Janice Lee (she/they) is a Korean American writer, teacher, spiritual scholar, and shamanic healer. She is the author of 8 books of fiction, creative nonfiction & poetry, most recently Imagine a Death (Texas Review Press, 2021) and Separation Anxiety (CLASH Books, 2022), a finalist for the 2023 Oregon Book Award. Lee teaches workshops on inherited trauma, healing and writing, and facilitates guided meditations bringing together elements from several different lineages as a mesa-carrying practitioner of the Q’ero tradition of medicine work and as a practitioner of Engaged Buddhism (in the tradition of Plum Village and Thich Nhat Hanh). She also incorporates elements of ancestor work, Korean shamanic ritual (Muism), traditional Korean folk practices, plant medicine & flower essence work, card readings & divination, and interspecies communication. She currently lives in Portland, OR where she is the Operational Creative Director at Corporeal Writing and an Associate Professor of Creative Writing at Portland State University. She can be found online at https://janicel.com/ and Instagram: @diddioz

Domi Shoemaker is the gender-free co-founder of Lidia Yuknavitch’s Corporeal Writing, where  Domi manages virtual drop-in, connects writers with one another, and leads writing collaborations online and in-person. They also offer coaching and editing services through Corporeal Writing and they would love to talk with you about writing. 

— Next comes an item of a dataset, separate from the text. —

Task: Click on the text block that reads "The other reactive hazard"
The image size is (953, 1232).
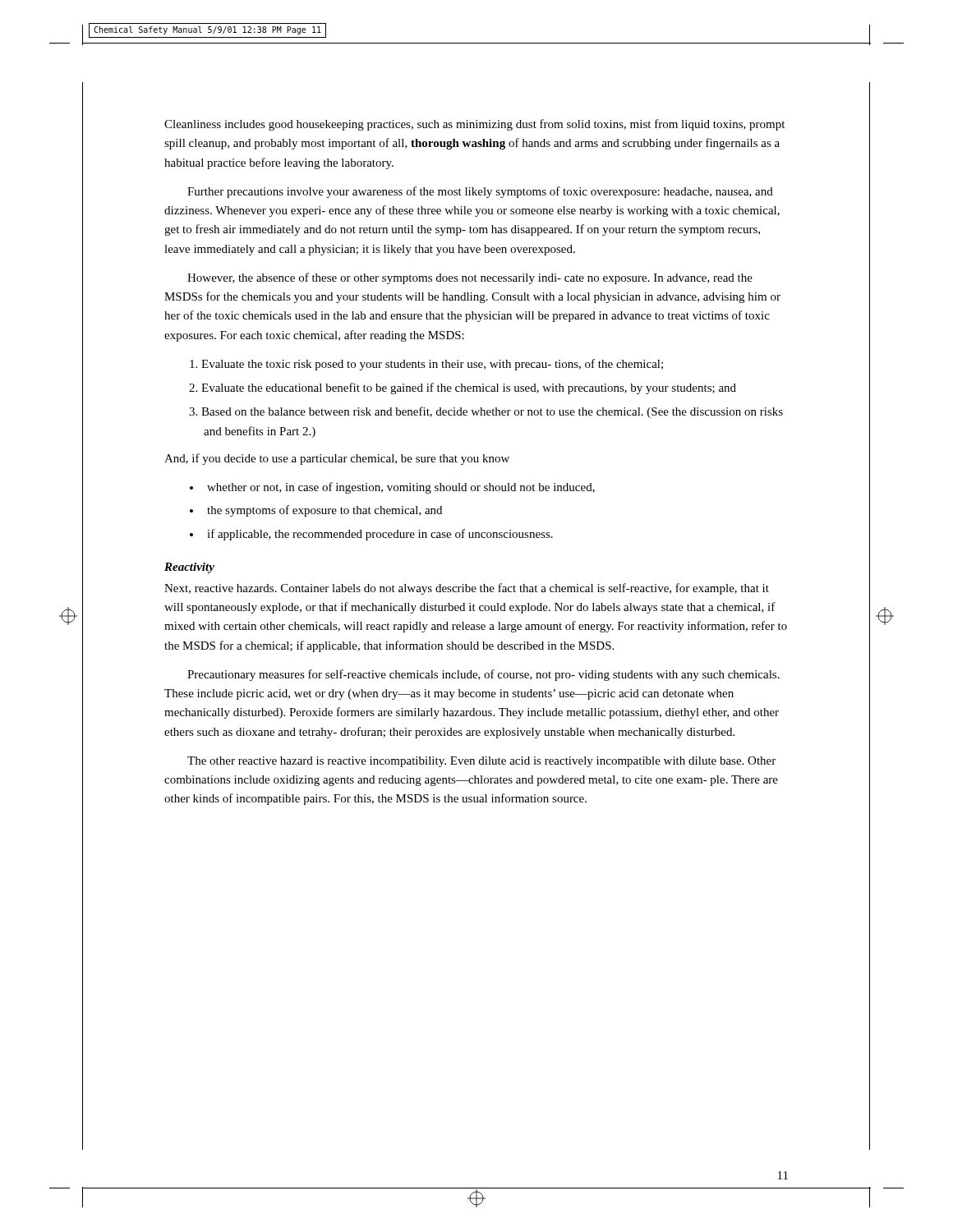Action: click(x=471, y=779)

Katie Collins-Guinn (she/they) is a mother, artist, writer, spouse, and dirt digger. Her adult coloring book The Stoner Babes was published in 2018 with Microcosm Publishing, which celebrates diversity alongside the transcendental and medicinal qualities of cannabis, and is sold worldwide. She’s spent time as a contributing freelance writer for the Portland Mercury and has been published in Pacific Stone Zine, Call Me [Brackets], Entropy, Nailed Magazine and others. She knows how to make a spectacular gown from scratch.

Daniel Isaiah Elder (he/they) is a queer Jewish writer and a Lambda Literary fellow. Originally from New York City, they are now based in Portland, Oregon.